Dataset excerpts:
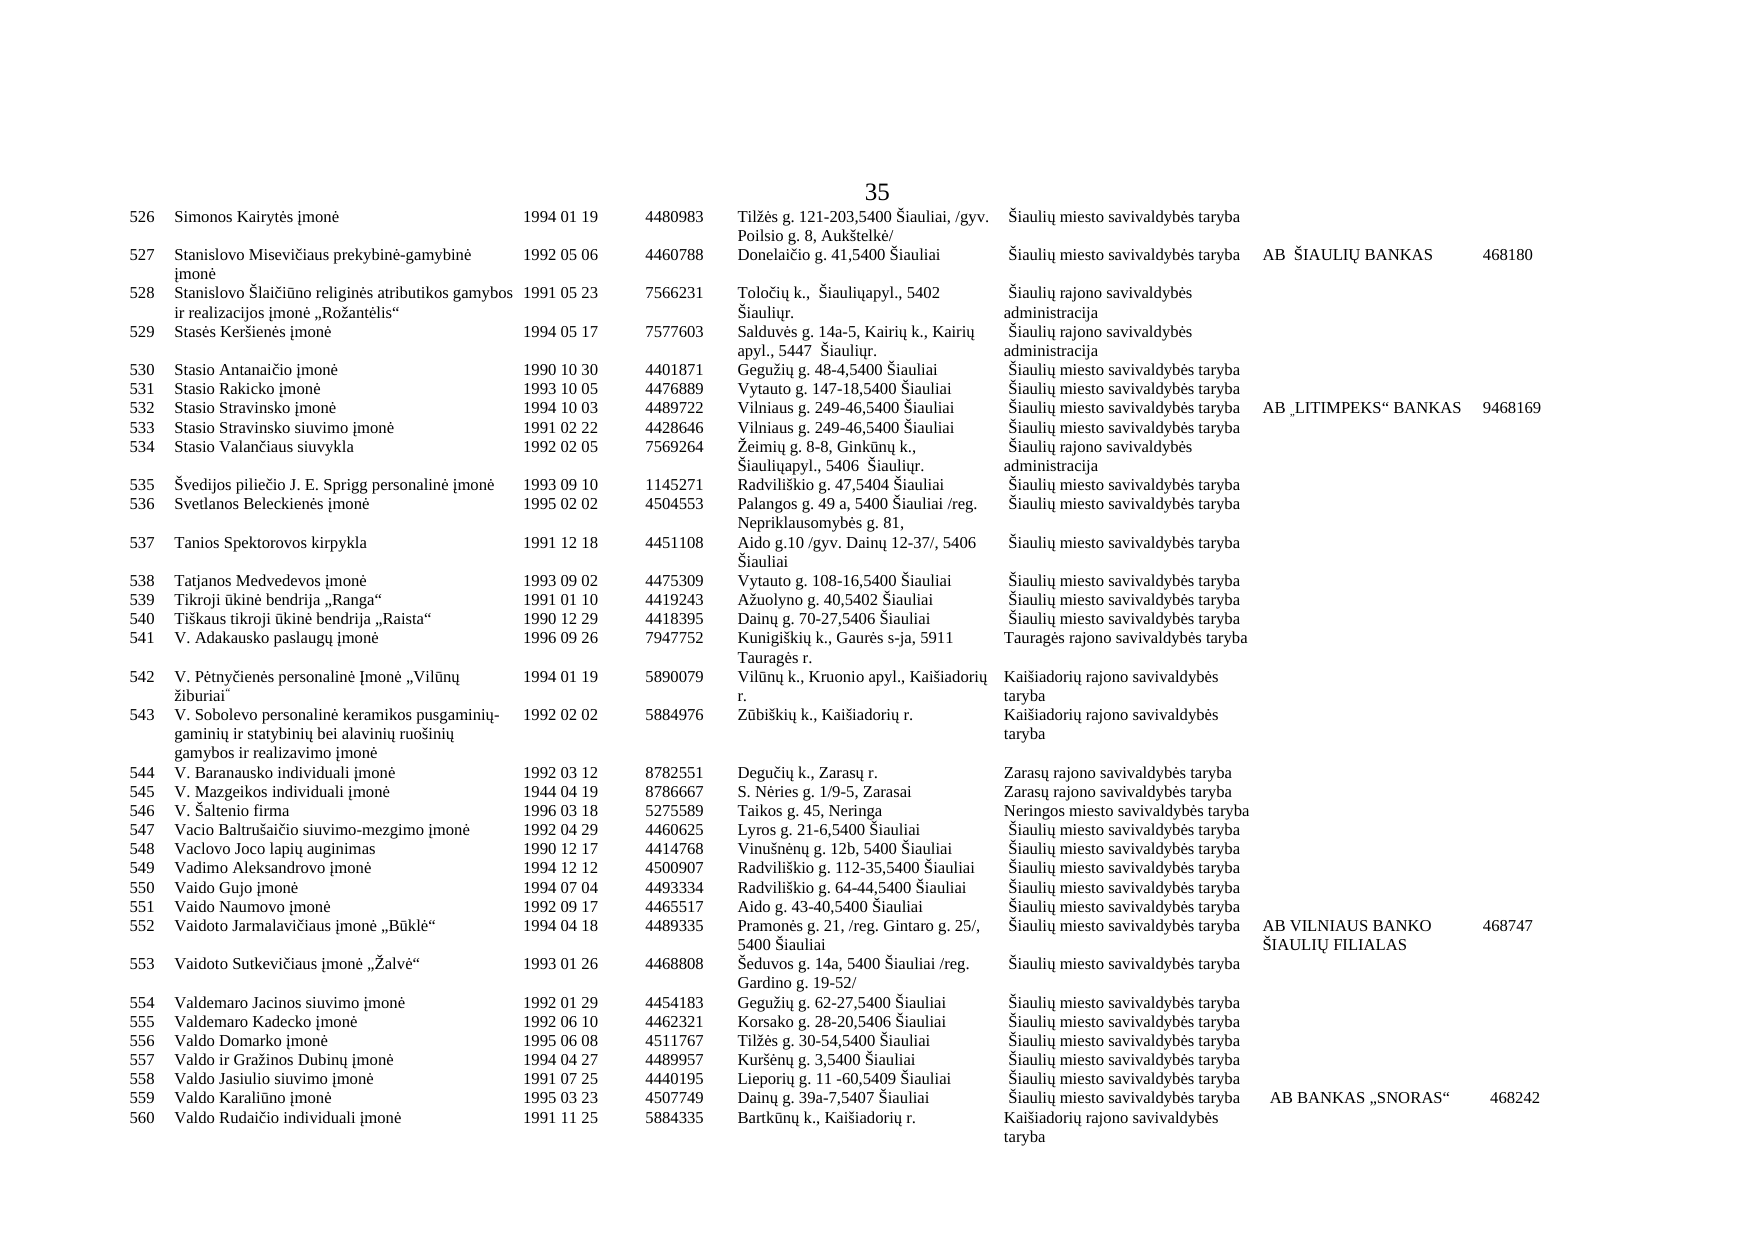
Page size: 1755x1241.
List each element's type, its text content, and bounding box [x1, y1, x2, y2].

table_cell [1258, 494, 1479, 532]
table_cell [1479, 494, 1703, 532]
table_cell [1479, 1069, 1703, 1088]
table_cell 533 [118, 418, 170, 437]
table_cell Kaišiadorių rajono savivaldybės taryba [1000, 705, 1258, 762]
table_cell 536 [118, 494, 170, 532]
table_cell [1258, 1031, 1262, 1050]
table_cell 553 [118, 954, 170, 992]
table_cell [1479, 1012, 1483, 1031]
table_cell 527 [118, 245, 170, 283]
table_cell [1258, 897, 1262, 916]
table_cell Svetlanos Beleckienės įmonė [170, 494, 519, 532]
table_cell 552 [118, 916, 170, 954]
table_cell Šiaulių miesto savivaldybės taryba [1000, 916, 1258, 954]
table_cell 1996 09 26 [519, 628, 641, 667]
table_cell Šiaulių miesto savivaldybės taryba [1000, 494, 1258, 532]
table_cell Stasio Valančiaus siuvykla [170, 437, 519, 475]
table_cell [1258, 1069, 1479, 1088]
table_cell [1479, 1050, 1483, 1069]
table_cell 7577603 [641, 322, 733, 360]
table_cell [1479, 322, 1703, 360]
table_cell Šiaulių miesto savivaldybės taryba [1000, 207, 1258, 245]
table_cell Valdo Rudaičio individuali įmonė [170, 1108, 519, 1146]
table_cell 528 [118, 283, 170, 322]
table_cell [1479, 993, 1483, 1012]
table_cell 554 [118, 993, 170, 1012]
table_cell [1258, 820, 1479, 839]
table_cell [1258, 207, 1479, 245]
table_cell 560 [118, 1108, 170, 1146]
table_cell 545 [118, 782, 170, 801]
table_cell [1479, 1031, 1483, 1050]
table_cell [1258, 437, 1479, 475]
table_cell [1479, 839, 1483, 858]
table_cell 539 [118, 590, 170, 609]
table_cell 543 [118, 705, 170, 762]
table_cell 548 [118, 839, 170, 858]
table_cell Vaidoto Jarmalavičiaus įmonė „Būklė“ [170, 916, 519, 954]
table_cell [1258, 763, 1479, 782]
table_cell 4489335 [641, 916, 733, 954]
table_cell 4468808 [641, 954, 733, 992]
table_cell 540 [118, 609, 170, 628]
table_cell 4504553 [641, 494, 733, 532]
table_cell 1994 01 19 [519, 207, 641, 245]
table_cell 1992 06 10 [519, 1012, 641, 1031]
table_cell 1992 05 06 [519, 245, 641, 283]
table_cell 468180 [1479, 245, 1703, 283]
table_cell 544 [118, 763, 170, 782]
table_cell [1258, 590, 1479, 609]
table_cell [1258, 322, 1479, 360]
table_cell V. Adakausko paslaugų įmonė [170, 628, 519, 667]
table_cell [1479, 283, 1703, 322]
table_cell [1258, 283, 1479, 322]
table_cell [1258, 379, 1479, 398]
table_cell [1479, 878, 1703, 897]
table_cell 549 [118, 858, 170, 877]
table_cell [1258, 878, 1479, 897]
table_cell [1479, 782, 1703, 801]
table_cell [1258, 533, 1479, 571]
table_cell 532 [118, 398, 170, 417]
table_cell [1479, 1108, 1703, 1146]
table_cell 1994 01 19 [519, 667, 641, 705]
table_cell 468242 [1479, 1088, 1703, 1107]
table_cell 530 [118, 360, 170, 379]
table_cell [1479, 533, 1703, 571]
table_cell 5890079 [641, 667, 733, 705]
table_cell AB ŠIAULIŲ BANKAS [1258, 245, 1479, 283]
table_cell [1258, 667, 1479, 705]
table_cell 526 [118, 207, 170, 245]
table_cell 537 [118, 533, 170, 571]
table_cell [1258, 993, 1262, 1012]
table_cell 556 [118, 1031, 170, 1050]
table_cell Vaidoto Sutkevičiaus įmonė „Žalvė“ [170, 954, 519, 992]
table_cell [1479, 820, 1483, 839]
table_cell [1479, 628, 1703, 667]
table_cell Bartkūnų k., Kaišiadorių r. [733, 1108, 1000, 1146]
table_cell Šiaulių miesto savivaldybės taryba [1000, 954, 1258, 992]
table_cell [1479, 705, 1703, 762]
table_cell [1479, 360, 1703, 379]
table_cell [1479, 801, 1483, 820]
table_cell 557 [118, 1050, 170, 1069]
table_cell [1258, 782, 1479, 801]
table_cell [1258, 628, 1479, 667]
table_cell [1258, 839, 1479, 858]
table_cell [1479, 858, 1703, 877]
table_cell 559 [118, 1088, 170, 1107]
table_cell 1994 04 18 [519, 916, 641, 954]
table_cell [1479, 590, 1703, 609]
table_cell 551 [118, 897, 170, 916]
table_cell [1479, 667, 1703, 705]
table_cell Šiaulių miesto savivaldybės taryba [1000, 1012, 1258, 1031]
table_cell 531 [118, 379, 170, 398]
table_cell Stasės Keršienės įmonė [170, 322, 519, 360]
table_cell 538 [118, 571, 170, 590]
table_cell 542 [118, 667, 170, 705]
table_cell [1479, 897, 1483, 916]
table_cell AB BANKAS „SNORAS“ [1258, 1088, 1479, 1107]
table_cell 1992 02 05 [519, 437, 641, 475]
table_cell Šiaulių miesto savivaldybės taryba [1000, 533, 1258, 571]
table_cell 7566231 [641, 283, 733, 322]
table_cell 558 [118, 1069, 170, 1088]
table_cell 4451108 [641, 533, 733, 571]
table_cell 535 [118, 475, 170, 494]
table_cell Zūbiškių k., Kaišiadorių r. [733, 705, 1000, 762]
table_cell [1258, 954, 1479, 992]
table_cell AB VILNIAUS BANKO ŠIAULIŲ FILIALAS [1258, 916, 1479, 954]
table_cell 550 [118, 878, 170, 897]
table_cell 555 [118, 1012, 170, 1031]
table_cell 1992 02 02 [519, 705, 641, 762]
table_cell 546 [118, 801, 170, 820]
table_cell 7947752 [641, 628, 733, 667]
table_cell [1479, 954, 1703, 992]
table_cell Tauragės rajono savivaldybės taryba [1000, 628, 1258, 667]
table_cell 534 [118, 437, 170, 475]
table_cell 4460788 [641, 245, 733, 283]
table_cell [1258, 475, 1479, 494]
table_cell Donelaičio g. 41,5400 Šiauliai [733, 245, 1000, 283]
table_cell 4480983 [641, 207, 733, 245]
table_cell [1258, 418, 1479, 437]
table_cell [1479, 763, 1703, 782]
table_cell [1258, 1108, 1479, 1146]
table_cell [1258, 360, 1479, 379]
table_cell 1991 05 23 [519, 283, 641, 322]
table_cell 1991 12 18 [519, 533, 641, 571]
table_cell Tanios Spektorovos kirpykla [170, 533, 519, 571]
table_cell 1991 11 25 [519, 1108, 641, 1146]
table_cell [1258, 858, 1479, 877]
table_cell [1258, 705, 1479, 762]
table_cell [1479, 418, 1703, 437]
table_cell [1479, 207, 1703, 245]
table_cell 5884335 [641, 1108, 733, 1146]
table_cell [1258, 1012, 1262, 1031]
table_cell [1258, 571, 1262, 590]
table_cell 547 [118, 820, 170, 839]
table_cell [1479, 379, 1703, 398]
table_cell 4462321 [641, 1012, 733, 1031]
table_cell 541 [118, 628, 170, 667]
table_cell 1993 01 26 [519, 954, 641, 992]
table_cell 468747 [1479, 916, 1703, 954]
table_cell Simonos Kairytės įmonė [170, 207, 519, 245]
table_cell [1479, 475, 1703, 494]
table_cell [1479, 609, 1703, 628]
table_cell [1258, 609, 1479, 628]
table_cell 7569264 [641, 437, 733, 475]
table_cell 1995 02 02 [519, 494, 641, 532]
table_cell Šiaulių miesto savivaldybės taryba [1000, 245, 1258, 283]
table_cell [1479, 571, 1483, 590]
table_cell 5884976 [641, 705, 733, 762]
table_cell [1258, 801, 1479, 820]
table_cell 1994 05 17 [519, 322, 641, 360]
table_cell [1479, 437, 1703, 475]
table_cell [1258, 1050, 1262, 1069]
table_cell 529 [118, 322, 170, 360]
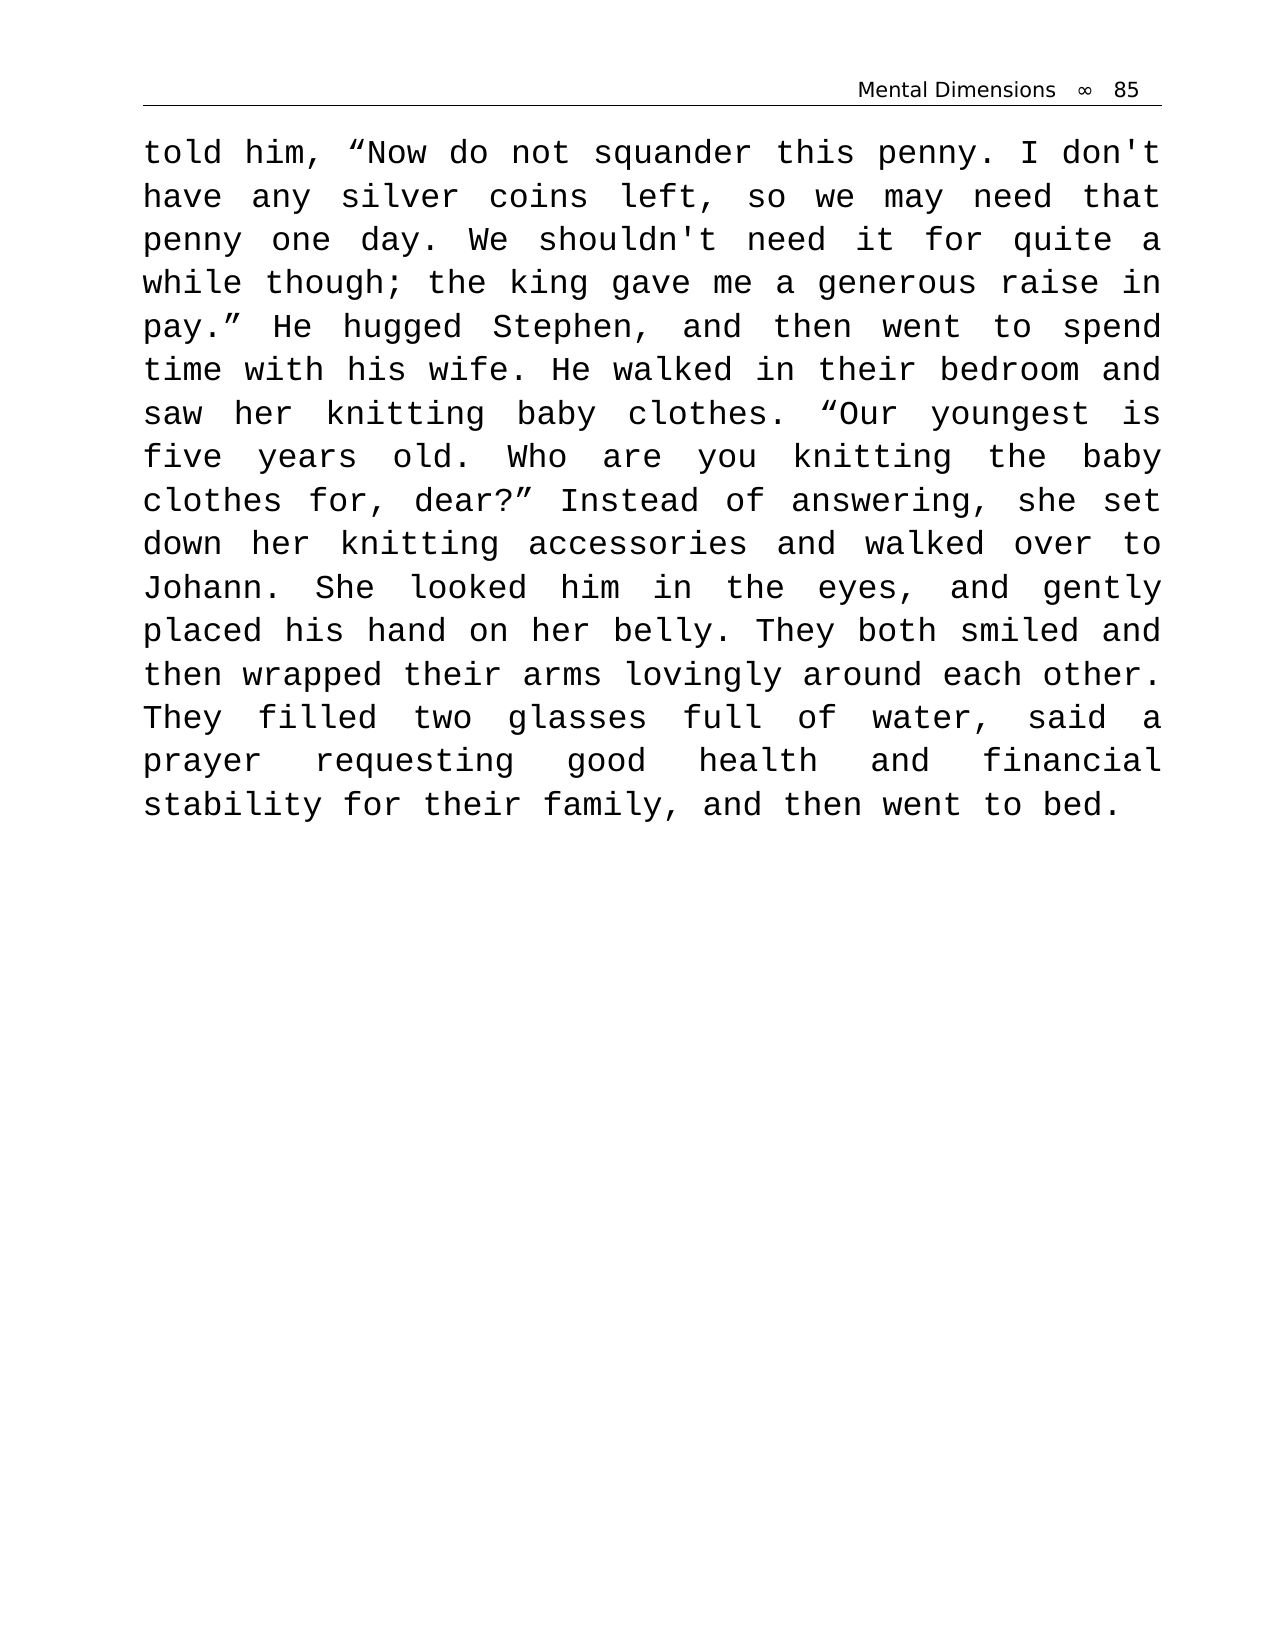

▶ _EXERCISE GOAL_
Every line in the records above that contains the word "savivaldybės" should be copied out.

▶ _TASK ANSWER_
table_cell Kaišiadorių rajono savivaldybės taryba [1000, 705, 1258, 762]
table_cell Šiaulių miesto savivaldybės taryba [1000, 916, 1258, 954]
table_cell Šiaulių miesto savivaldybės taryba [1000, 494, 1258, 532]
table_cell Šiaulių miesto savivaldybės taryba [1000, 207, 1258, 245]
table_cell Šiaulių miesto savivaldybės taryba [1000, 954, 1258, 992]
table_cell Šiaulių miesto savivaldybės taryba [1000, 1012, 1258, 1031]
table_cell Šiaulių miesto savivaldybės taryba [1000, 533, 1258, 571]
table_cell Tauragės rajono savivaldybės taryba [1000, 628, 1258, 667]
table_cell Šiaulių miesto savivaldybės taryba [1000, 245, 1258, 283]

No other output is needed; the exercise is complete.